As it is easy to be mother!
would be desirable to Begin the story to me with itself. Call me Alain, I am 20 years old. My daughter - one and a half years. Now it seems to me that my baby all life was near... But there was everything not so. For the first time I became pregnant when to me there were 17. Of course, I wanted to make abortion, but it did not happen, however soon I all the same lost the child: on term 5 - ti months there was an abortion. I lived, naturally, with parents, more precisely, with mother. I graduated from school, but to arrive to study did not hurry further - of course, with me there lived my boyfriend who provided me, and I cooked to him soups...
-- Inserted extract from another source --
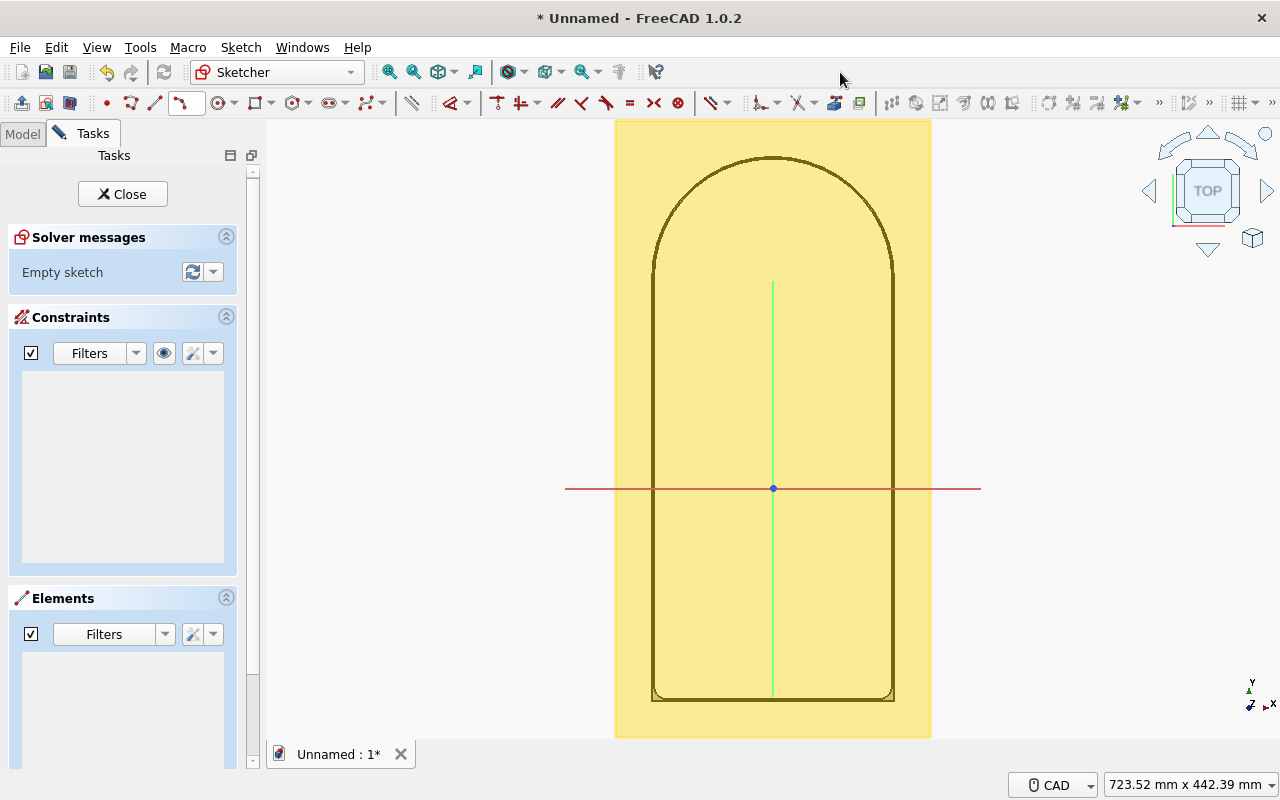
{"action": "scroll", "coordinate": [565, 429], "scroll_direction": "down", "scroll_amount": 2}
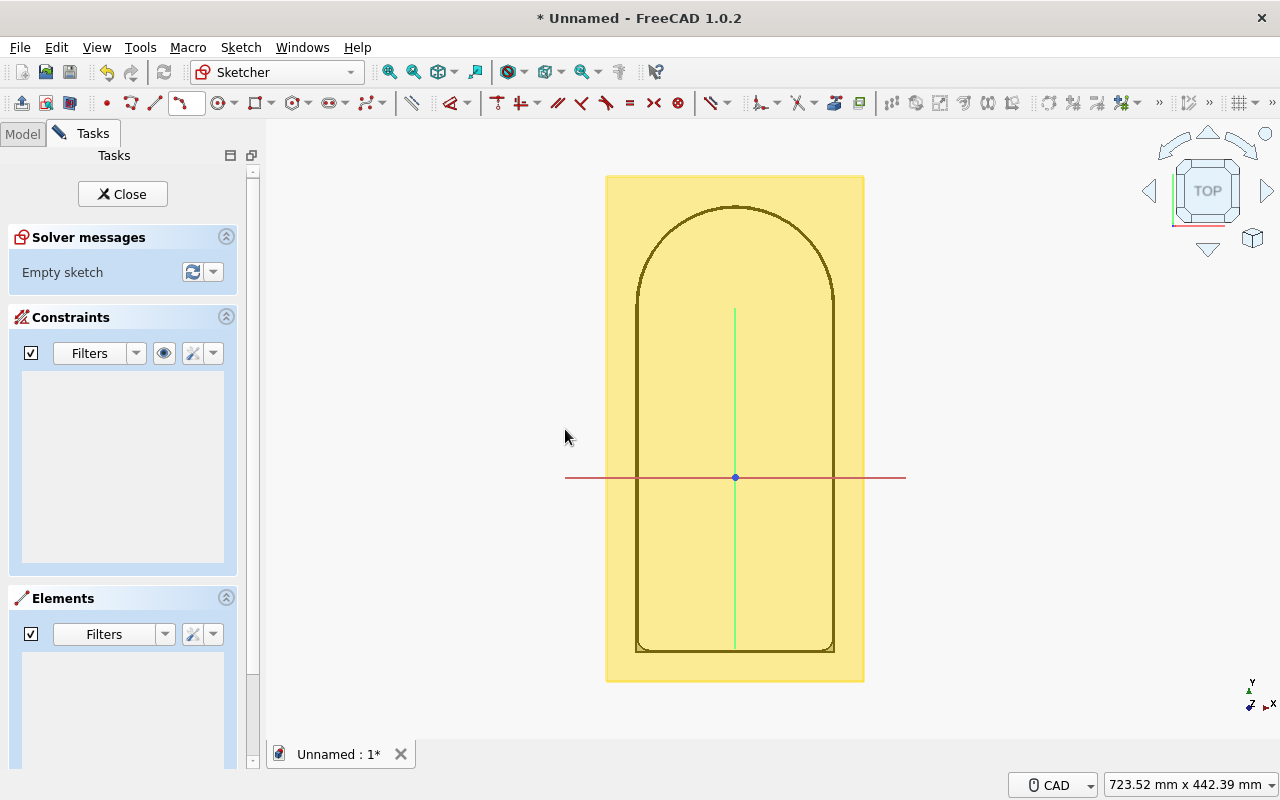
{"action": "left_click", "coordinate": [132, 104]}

the Second my pregnancy happened a year later after an abortion... I did not feel either nausea, or other symptoms of pregnancy and was slightly shocked with the situation... I cannot tell that I wanted the child, but about abortion there was no thought even, I just tried to reconcile to what to appear the child... Pregnancy proceeded quite well, even dug beds at the dacha, but to lie down on preservation everything is it was necessary - there was a disclosure of a neck of a uterus, but doctors did not begin to react in any way. So generally in hospital I have just a rest. But the end of pregnancy was at the same time both heavy, and pleasant. Long I could not go, very much pulled a stomach, but lay much, and to me even brought in bed to eat.
When time to give birth came, I did not give birth and from a sofa practically did not get down. The stomach was just enormous, and it seemed to me that I will be pregnant eternally. And here on 41 - oh to week everything is I went to maternity hospital. It was frightening, but everything passed well, and I gave birth to the daughter weighing 4310 gr, 56 cm in heightAt first to me it was terrible
, nipples hurt, the child lost weight, and, having arrived home, I decided to refuse practically breastfeeding, but, fortunately, the pediatrician came and perfectly me explained everything that to what (for what to it special gratitude). Thanks to it I feed the daughter to this day.
Remembering the state after the delivery now, I am surprised and is almost sure that the maternal instinct is started during feeding. There were difficult moments and bitter, for example, when my mother died, but happy is much bigger! I am grateful to God that he gave me this pleasure, and I do not present myself to lives without this baby any more. Also I do not understand how it is possible not to want the child though itself “mother“ was once not ready to carry a proud rank. I am sure that together we will be able more, we have very strong emotional connection. And I am very happy. Also it would be desirable will address future mummies who are overcome by sensation of fear. If you are not afraid, then give birth, you nurse children! And then you will become the happiest. At least, I very much hope for it... Also I consider, it is possible, it already happened to me. And mother, by the way, to be very easy when you love and you feel love of the kid.